Chapter 1 Key Terms Flashcards
Beveridge system
A health system funded through public revenue raised by general taxation,
named after Sir William Beveridge.
Bismarck system
A health system funded through payroll-based social insurance
contributions, named after Otto von Bismarck.
Co-payments (user fees)
Direct payments made by users of health services as a contribution to
their cost (eg prescription charges)
Financial management
Managerial activities of obtaining and disbursing funds, financial
planning, reporting and risk management.
New public management
An approach to government involving the application of private
sector management techniques.
Outcomes
Change in status as a result of the system processes (in health services context, the
change in health status as a result of care).
Private/public mix
mix The mix of public and private funders and providers of health services.
Provider payment methods
The different ways of paying health care providers such as fee for
service, capitation and case base reimbursement.
Residual claimant status
The arrangements under which a person or agency – the residual
claimant – is entitled to
Input
the resources which are used to produce health care (examples: staff, assets, facilities, equipment)
Process
the various activities (employing inputs) so that the desired outcome is achieved
Outcomes
measure the changes to a patient’s health status that can be attributed to the preceding health care and financial resources consumed
Fixed Budgets
most commonly used for allocating resources to health care providers and programs.
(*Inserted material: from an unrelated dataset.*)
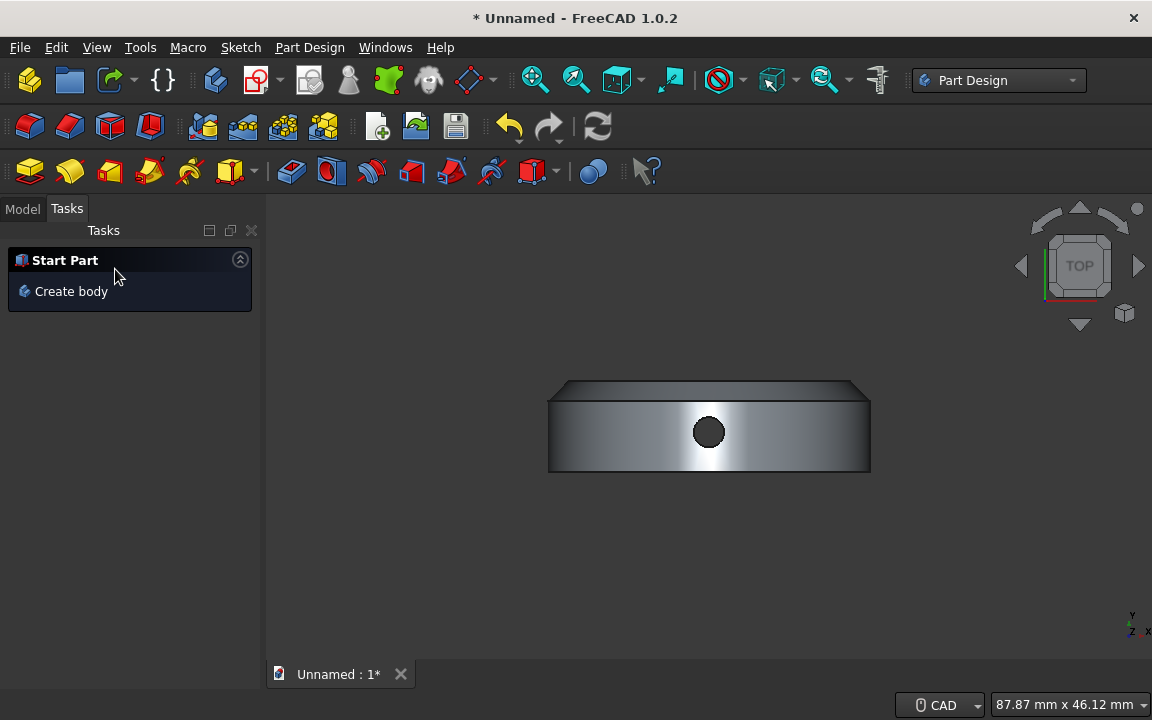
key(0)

Overall expenditure can be controlled easily by defining limits for each spending category such as staff, equipment and medical supplies. Easy to administer, but not responsive to local needs. Managers are entrusted with more accountability for the financial performance of the organization for which they are responsible.
Capitation
mainly used in primary care services and based on fixed payment per insured person to cover for a defined package of services. This gives an incentive to reduce costs per case, but can also lead to selection of low-risk cases or inappropriate referrals.
Fee for service
involves each single item of service being paid for by the patient or third-party payer. If not combined with a budget cap, this may lead to inappropriate provision of care, known as supplier-induced demand. Conversely, FFS can be used as an instrument to increase service provision in underserved areas of care.